Smart man writes for Time, feels like he's been asked to:
There is, however, a striking and somewhat odd fact about this crisis. Newspapers have more readers than ever. Their content, as well as that of newsmagazines and other producers of traditional journalism, is more popular than ever — even (in fact, especially) among young people.
The problem is that fewer of these consumers are paying. Instead, news organizations are merrily giving away their news. According to a Pew Research Center study, a tipping point occurred last year: more people in the U.S. got their news online for free than paid for it by buying newspapers and magazines. Who can blame them? Even an old print junkie like me has quit subscribing to the New York Times, because if it doesn't see fit to charge for its content, I'd feel like a fool paying for it.
Walter Isaacson in Time.
Smarter man replies:
Walter Isaacson, the former editor of TIME magazine and current President of the Aspen Institute, wrote a column last week arguing that newspapers should squeeze revenue out of their web sites through "micropayments." It's an idea with a long, but not very successful, history: Isaacson himself points out that Ted Nelson, the inventor of hypertext, imagined micropayments for written content back in the early 1960s.

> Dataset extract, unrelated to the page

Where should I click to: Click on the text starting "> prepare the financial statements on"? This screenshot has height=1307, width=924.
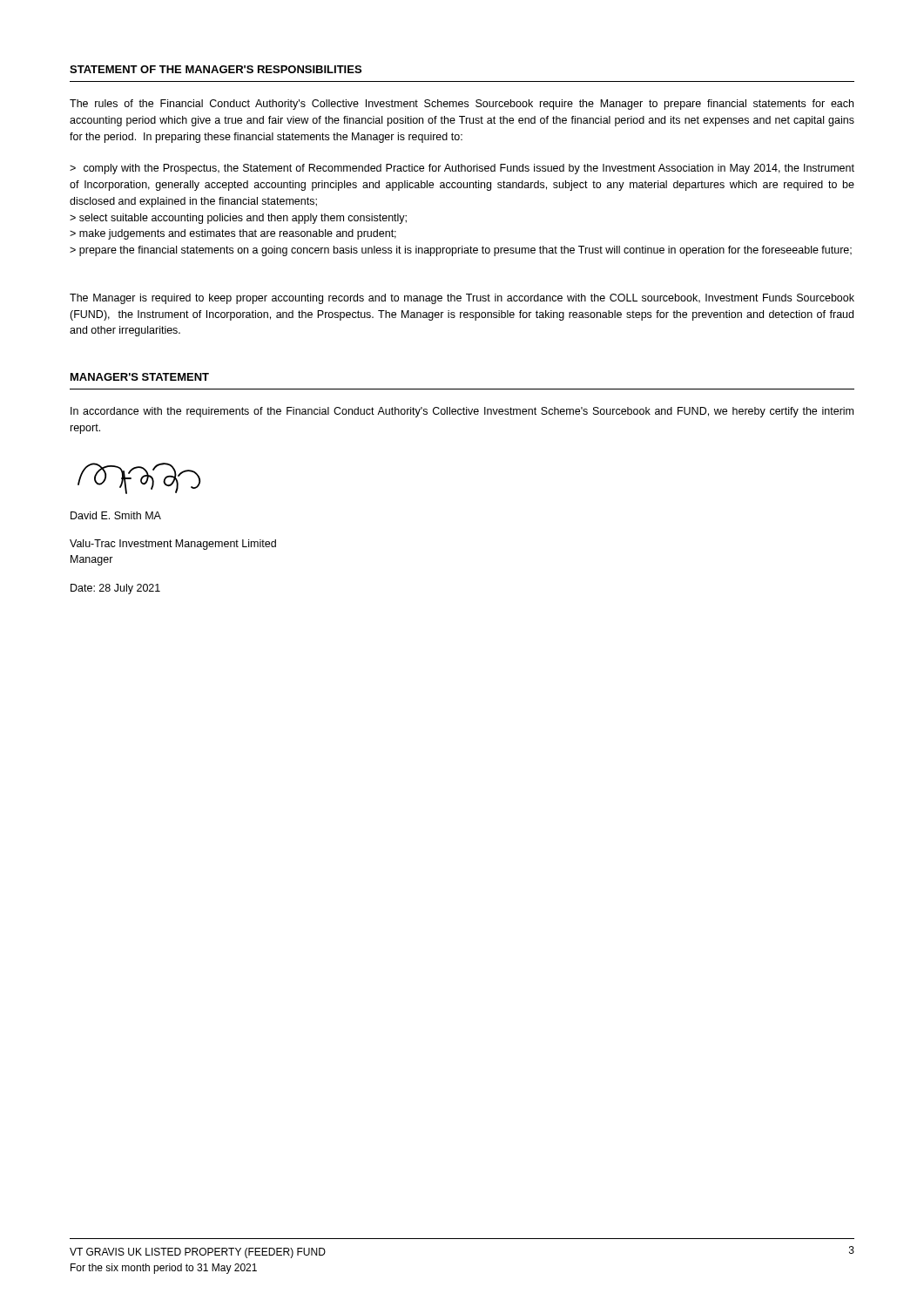pyautogui.click(x=461, y=250)

Small payments, on the order of a dollar, work well for some kinds of highly valued, contextualized content, like a book to your Kindle or a song to your iPod. But "micro" payments on the order of a nickel—the figure Isaacson mentions for a hypothetical news story—have never taken off. Transaction costs, caused by things like credit card processing, are usually cited as the reason, but I've never found that view persuasive: It's not hard to set up a system in which micro transactions are aggregated into parcels of at least a few dollars before being channeled through our existing credit card infrastructure.
David Robinson at Princeton's Center for Information Technology Policy.